Tag Archives: Diets

Let’s Talk About… Shame.

Does anyone remember that programme Super-Size Vs Super-Skinny? Falstaffian ‘fatties’ – the super-sizers – would have the unenviable task of switching diets with petrol-guzzling Tiny Tim’s – the super-skinnies – which was grossly unfair (by the way I’m convinced if the world had Monster during the 1973 Petrol Crisis, it could have been avoided). Wouldn’t you rather eat Chinese takeaway or cream cakes for breakfast than confront liquid lunches and a lone jammy dodger for dinner three days straight?

I admired the stoicism of these men and women, humiliated on TV and all whilst cameras shoved in your face to an audience of millions. The programme tried to fob itself off as educational by wheeling in Christian Jessen as a passive-aggressive Mrs Trunchbull, carting off the Super-Sizers to Las Vegas to spend a day with wheel-chair bound double amputees in a stark warning that “If you keep eating all that sugar, the risk of diabetes means this could be you”.

The reality is that these sorts of programmes are about one thing and one thing only: shame. It was unadulterated voyeurism on gluttony. ‘Shame-TV’ luckily, has become unfashionable. Jeremey Kyle style finger-wagging called out for what it was; bullying, but on a national scale. Morally, the onus wasn’t on helping people with their issues but bringing us – the customer – the opportunity to ridicule, gawping with orange-tinged fingers tips as we whipped out our third packet of Doritos. We projected onto them our own shame and struggle to meet unrealistic beauty standards.

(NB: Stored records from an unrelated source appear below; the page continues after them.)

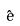<formula> <loc_0><loc_0><loc_500><loc_500>\hat { e }</formula> 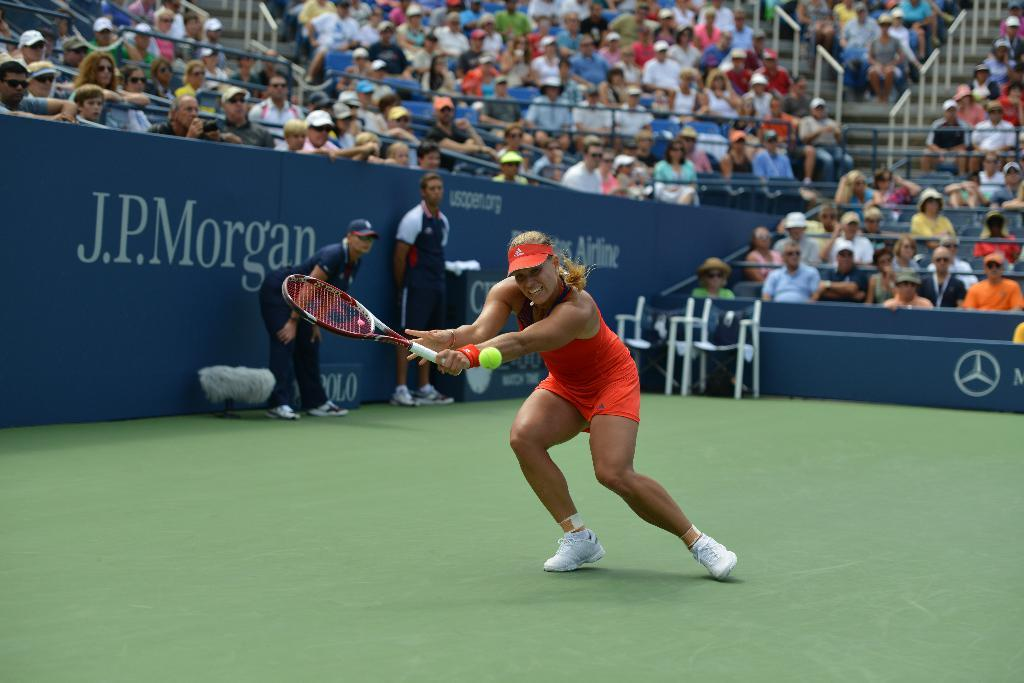Who is the main subject in the image? There is a lady in the image. What is the lady wearing? The lady is wearing an orange dress. What activity is the lady engaged in? The lady is playing tennis. Can you describe the setting of the image? There are spectators in the background of the image, and there are ball boys present as well. What type of brush is being used by the lady in the image? There is no brush present in the image; the lady is playing tennis with a tennis racket. 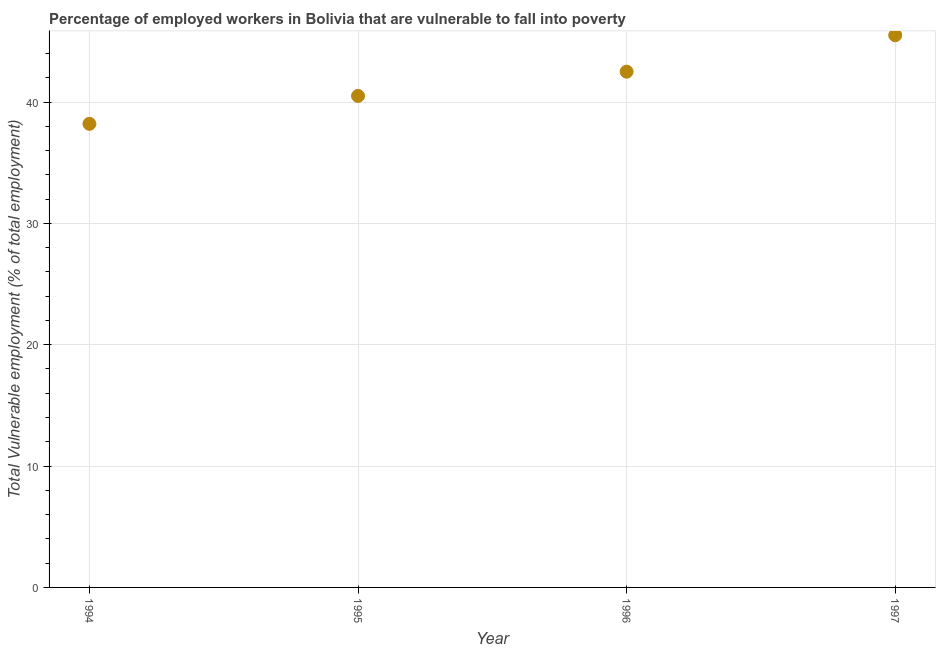What is the total vulnerable employment in 1994?
Your response must be concise. 38.2. Across all years, what is the maximum total vulnerable employment?
Your answer should be very brief. 45.5. Across all years, what is the minimum total vulnerable employment?
Give a very brief answer. 38.2. In which year was the total vulnerable employment minimum?
Your answer should be compact. 1994. What is the sum of the total vulnerable employment?
Ensure brevity in your answer.  166.7. What is the difference between the total vulnerable employment in 1995 and 1996?
Offer a terse response. -2. What is the average total vulnerable employment per year?
Give a very brief answer. 41.68. What is the median total vulnerable employment?
Offer a terse response. 41.5. What is the ratio of the total vulnerable employment in 1994 to that in 1996?
Offer a terse response. 0.9. What is the difference between the highest and the lowest total vulnerable employment?
Offer a very short reply. 7.3. How many dotlines are there?
Your answer should be very brief. 1. What is the difference between two consecutive major ticks on the Y-axis?
Keep it short and to the point. 10. Are the values on the major ticks of Y-axis written in scientific E-notation?
Offer a terse response. No. Does the graph contain any zero values?
Offer a terse response. No. Does the graph contain grids?
Offer a very short reply. Yes. What is the title of the graph?
Offer a terse response. Percentage of employed workers in Bolivia that are vulnerable to fall into poverty. What is the label or title of the Y-axis?
Provide a succinct answer. Total Vulnerable employment (% of total employment). What is the Total Vulnerable employment (% of total employment) in 1994?
Your response must be concise. 38.2. What is the Total Vulnerable employment (% of total employment) in 1995?
Make the answer very short. 40.5. What is the Total Vulnerable employment (% of total employment) in 1996?
Provide a succinct answer. 42.5. What is the Total Vulnerable employment (% of total employment) in 1997?
Your answer should be compact. 45.5. What is the difference between the Total Vulnerable employment (% of total employment) in 1994 and 1996?
Your answer should be very brief. -4.3. What is the difference between the Total Vulnerable employment (% of total employment) in 1995 and 1997?
Your response must be concise. -5. What is the ratio of the Total Vulnerable employment (% of total employment) in 1994 to that in 1995?
Provide a short and direct response. 0.94. What is the ratio of the Total Vulnerable employment (% of total employment) in 1994 to that in 1996?
Make the answer very short. 0.9. What is the ratio of the Total Vulnerable employment (% of total employment) in 1994 to that in 1997?
Keep it short and to the point. 0.84. What is the ratio of the Total Vulnerable employment (% of total employment) in 1995 to that in 1996?
Give a very brief answer. 0.95. What is the ratio of the Total Vulnerable employment (% of total employment) in 1995 to that in 1997?
Keep it short and to the point. 0.89. What is the ratio of the Total Vulnerable employment (% of total employment) in 1996 to that in 1997?
Offer a very short reply. 0.93. 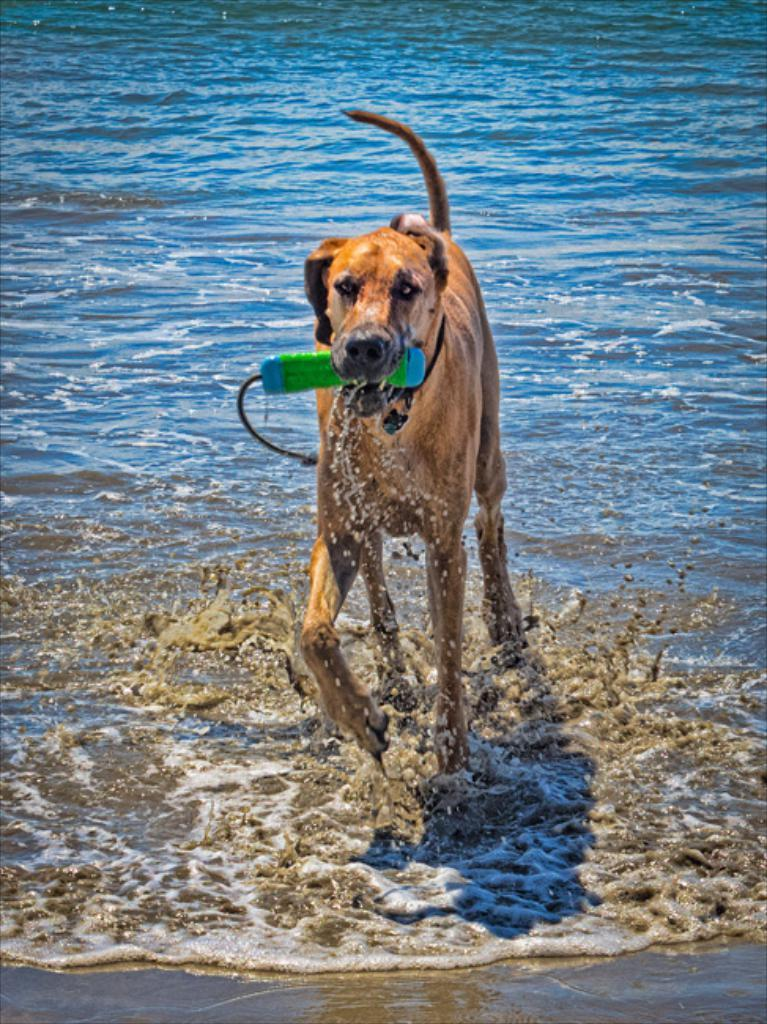What animal can be seen in the picture? There is a dog in the picture. What is the dog holding in its mouth? The dog is holding a green bottle in its mouth. What can be seen in the background of the picture? There is water visible in the background of the picture. What type of acoustics can be heard from the dog's brain in the image? There is no indication of the dog's brain or any acoustics in the image. 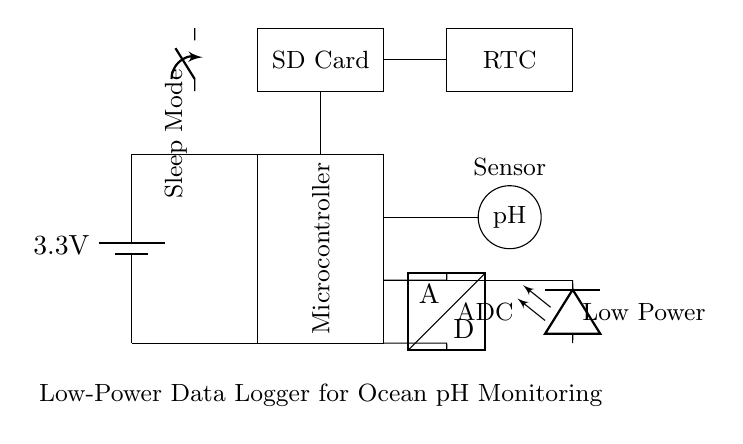What is the power supply voltage for this circuit? The power supply voltage is indicated next to the battery symbol, which shows a voltage of 3.3 volts.
Answer: 3.3 volts What component is used for data storage? The data storage component is represented as a rectangle labeled "SD Card," which is where data can be saved in this circuit.
Answer: SD Card How does the circuit indicate low power status? The circuit indicates low power status through an LED component labeled "Low Power," which lights up when the circuit is operating in low power mode.
Answer: Low Power LED Which component is responsible for converting the pH sensor's signal? The component responsible for converting the signal from the pH sensor to a digital format is labeled as "ADC," which stands for Analog to Digital Converter.
Answer: ADC What role does the RTC play in this circuit? The RTC, or Real-Time Clock, is used in the circuit to keep track of time for timestamping the pH data collected by the logger, ensuring that readings are appropriately logged.
Answer: Real-Time Clock What action does the Sleep Mode switch perform when activated? The Sleep Mode switch, when activated, puts the circuit into a low power state, reducing power consumption until it is reactivated for data logging or processing tasks.
Answer: Sleep Mode Why is a low-power design essential for this data logger? A low-power design is essential for this data logger because it allows the device to operate for extended periods without frequent battery replacement, which is vital for long-term monitoring of ocean pH levels in remote locations.
Answer: Low-power design 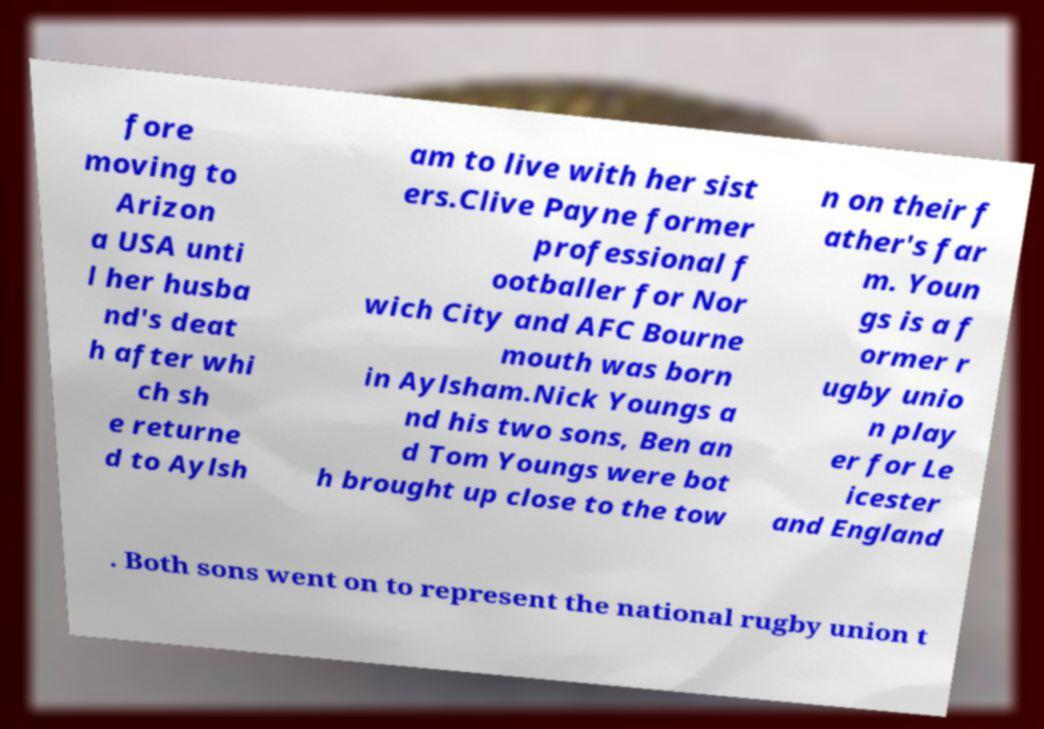What messages or text are displayed in this image? I need them in a readable, typed format. fore moving to Arizon a USA unti l her husba nd's deat h after whi ch sh e returne d to Aylsh am to live with her sist ers.Clive Payne former professional f ootballer for Nor wich City and AFC Bourne mouth was born in Aylsham.Nick Youngs a nd his two sons, Ben an d Tom Youngs were bot h brought up close to the tow n on their f ather's far m. Youn gs is a f ormer r ugby unio n play er for Le icester and England . Both sons went on to represent the national rugby union t 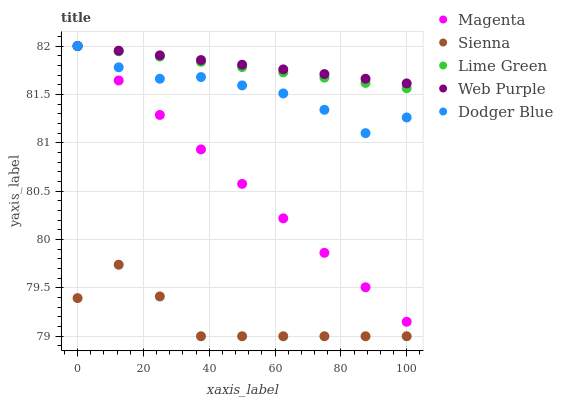Does Sienna have the minimum area under the curve?
Answer yes or no. Yes. Does Web Purple have the maximum area under the curve?
Answer yes or no. Yes. Does Dodger Blue have the minimum area under the curve?
Answer yes or no. No. Does Dodger Blue have the maximum area under the curve?
Answer yes or no. No. Is Magenta the smoothest?
Answer yes or no. Yes. Is Sienna the roughest?
Answer yes or no. Yes. Is Dodger Blue the smoothest?
Answer yes or no. No. Is Dodger Blue the roughest?
Answer yes or no. No. Does Sienna have the lowest value?
Answer yes or no. Yes. Does Dodger Blue have the lowest value?
Answer yes or no. No. Does Web Purple have the highest value?
Answer yes or no. Yes. Is Sienna less than Lime Green?
Answer yes or no. Yes. Is Magenta greater than Sienna?
Answer yes or no. Yes. Does Dodger Blue intersect Lime Green?
Answer yes or no. Yes. Is Dodger Blue less than Lime Green?
Answer yes or no. No. Is Dodger Blue greater than Lime Green?
Answer yes or no. No. Does Sienna intersect Lime Green?
Answer yes or no. No. 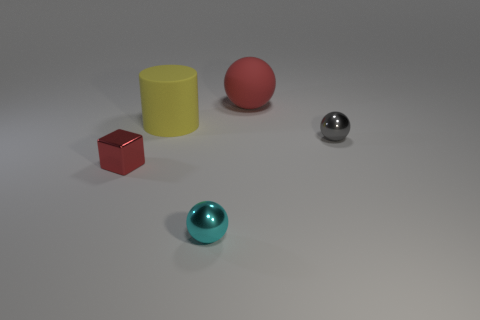What number of things are gray metallic spheres or gray spheres that are behind the tiny red cube?
Provide a succinct answer. 1. Are there fewer large yellow rubber cylinders than small metallic balls?
Ensure brevity in your answer.  Yes. There is a small shiny ball that is in front of the small shiny ball to the right of the large matte thing right of the cyan metal object; what color is it?
Your answer should be compact. Cyan. Is the large yellow thing made of the same material as the cyan sphere?
Give a very brief answer. No. What number of matte things are to the left of the cyan metallic sphere?
Your response must be concise. 1. There is a gray metal object that is the same shape as the red matte thing; what is its size?
Offer a very short reply. Small. How many yellow things are either rubber things or small metallic blocks?
Provide a short and direct response. 1. There is a big thing that is to the right of the cyan sphere; what number of things are to the right of it?
Provide a succinct answer. 1. What number of other things are the same shape as the small cyan thing?
Keep it short and to the point. 2. There is a big object that is the same color as the small block; what is it made of?
Provide a short and direct response. Rubber. 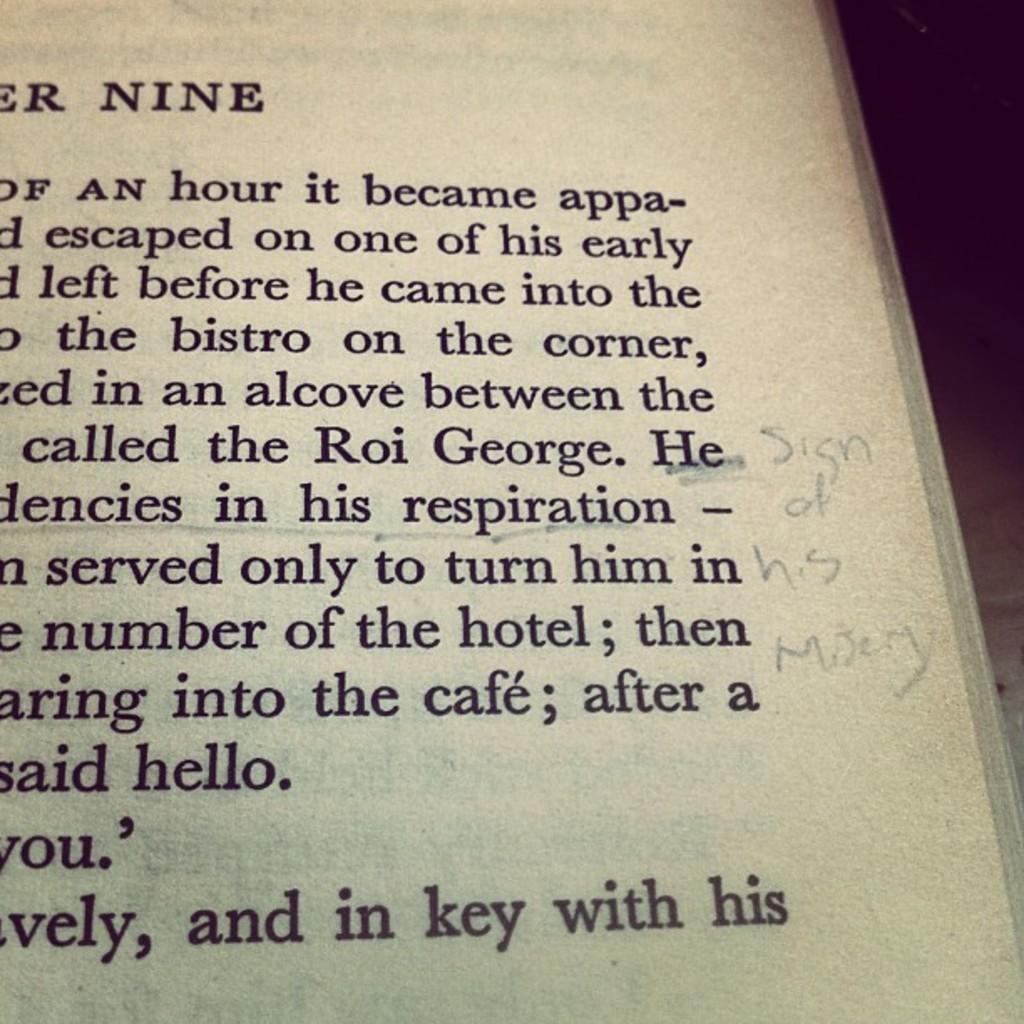What footnote was made in the margin?
Your answer should be compact. Sign of his misery. 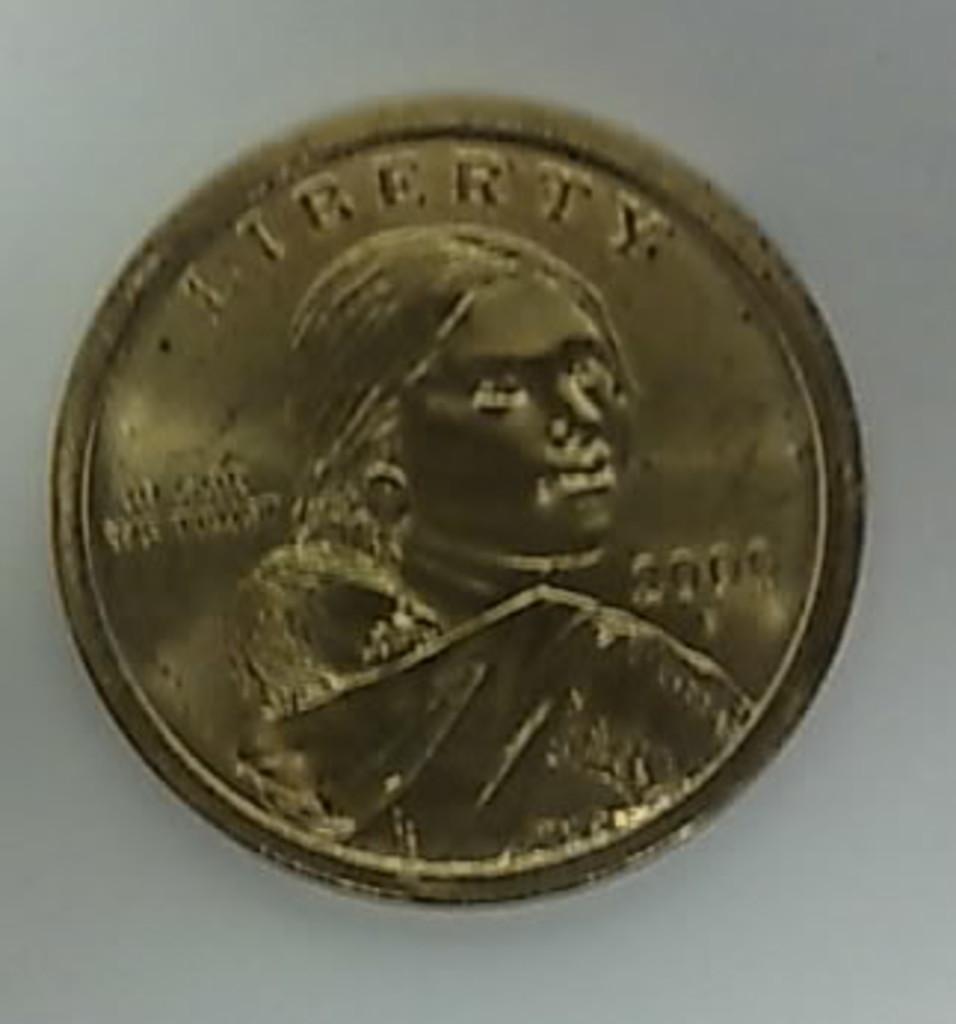What is the coin titled?
Offer a very short reply. Liberty. What year was this coin made in?
Your answer should be compact. 2000. 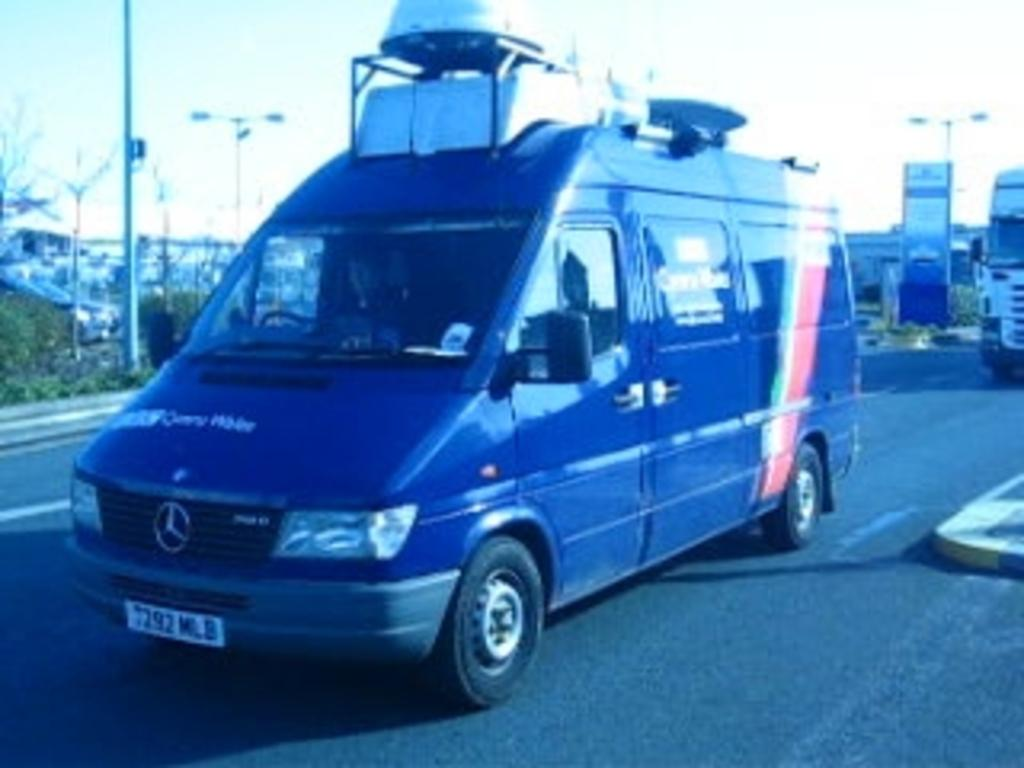<image>
Describe the image concisely. a mercedex van with cargo room on the top 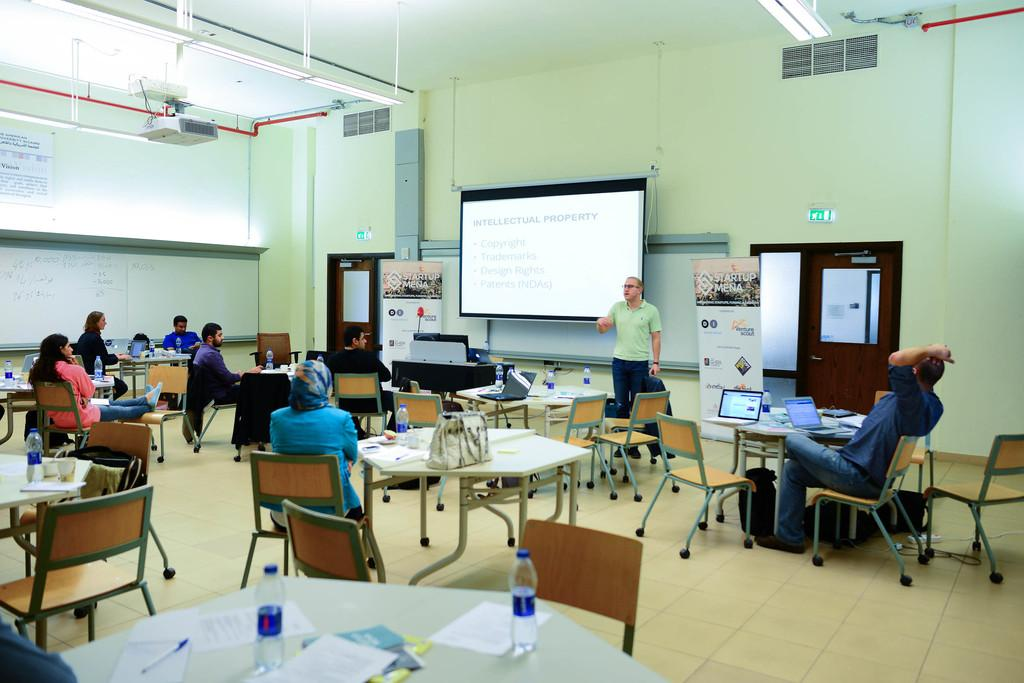What type of structure can be seen in the image? There is a wall in the image. What is present on the wall? There is a screen in the image. What architectural feature is visible in the image? There is a door in the image. What are the people in the image doing? The people are sitting in the image. What type of furniture is present in the image? There are chairs and tables in the image. What electronic devices are on the tables? There are laptops on the tables. What other items are on the tables? There are bags and bottles on the tables. Are there any plants visible in the image? There is no mention of plants in the provided facts, so we cannot determine if any are present in the image. What type of family gathering is depicted in the image? The provided facts do not mention a family gathering or any family members, so we cannot determine if one is depicted in the image.

I remember my first real heart-wrenching bout of shame because I documented it in my teenage diary. Horrified at the black curly hair suddenly sprouting underneath my armpits, I wrote long, agonising paragraphs of complete repulsion and self-contempt (yes, yes it’s funny, I know). It wasn’t like that in the glossy magazines at the hairdresser, what was wrong with me? I loathed my bodies revolt, and Instagram exacerbated it.

Shame doesn’t work. It’s counterproductive as a deterrent, and it rarely changes behaviour, especially if its roots are in childhood. Did Jessen think he could cure years of comfort eating and emotional baggage in a three-day clinic on national TV?

When Matt Hancock barks on about ‘Don’t kill your Granny’ shame is his ammunition. The community spirit invoked at the beginning of the pandemic dismissed in favour of snitching and social humiliation. If you want the nation to alter its ingrained habits, this isn’t the way to go about it. Mostly, adherence to the rules has been good. When the government said lockdown, we cleared our calendars, took children out of school, packed away our social life and turned indoors. The tone has grown significantly worse since then in favour of spying over the neighbour’s hedge and lambasting the young for wanting to see friends and have fun. And it doesn’t work.

What we all respond to is incentives, gentle nudging, social and personal responsibility, and a sense of doing the right thing. Whether it’s losing a few pounds or learning to socialise in a different way: this is how people change.